### What you are asked to do
In the records below, find the lines that include "degrees" and copy each.

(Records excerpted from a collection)

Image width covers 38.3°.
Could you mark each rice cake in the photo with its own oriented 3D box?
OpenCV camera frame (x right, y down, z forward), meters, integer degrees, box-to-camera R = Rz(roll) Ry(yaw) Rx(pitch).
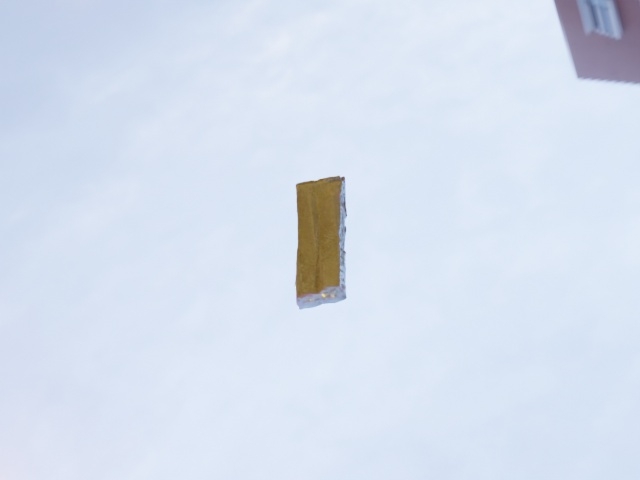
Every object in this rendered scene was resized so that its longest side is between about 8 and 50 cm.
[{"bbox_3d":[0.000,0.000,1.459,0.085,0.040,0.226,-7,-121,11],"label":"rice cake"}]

...

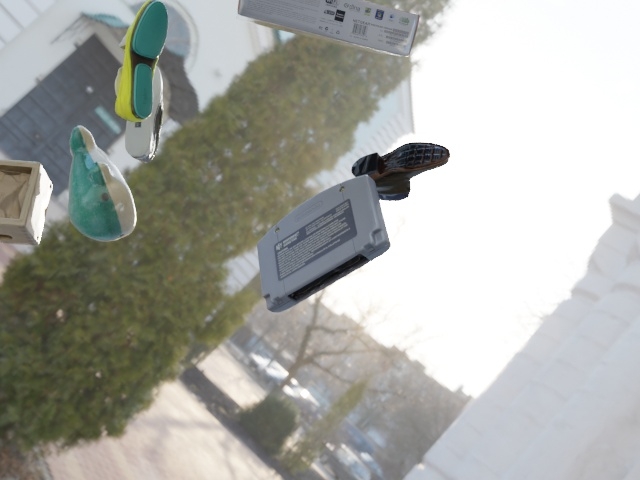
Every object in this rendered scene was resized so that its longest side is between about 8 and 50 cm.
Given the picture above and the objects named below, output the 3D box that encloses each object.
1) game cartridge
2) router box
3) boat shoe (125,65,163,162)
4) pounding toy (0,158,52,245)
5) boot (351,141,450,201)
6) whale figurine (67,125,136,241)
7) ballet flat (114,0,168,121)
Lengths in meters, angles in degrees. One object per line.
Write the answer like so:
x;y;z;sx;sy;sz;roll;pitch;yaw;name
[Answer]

### Problem solution
OpenCV camera frame (x right, y down, z forward), meters, integer degrees, box-to-camera R = Rz(roll) Ry(yaw) Rx(pitch).
Lengths in meters, angles in degrees. One object per line.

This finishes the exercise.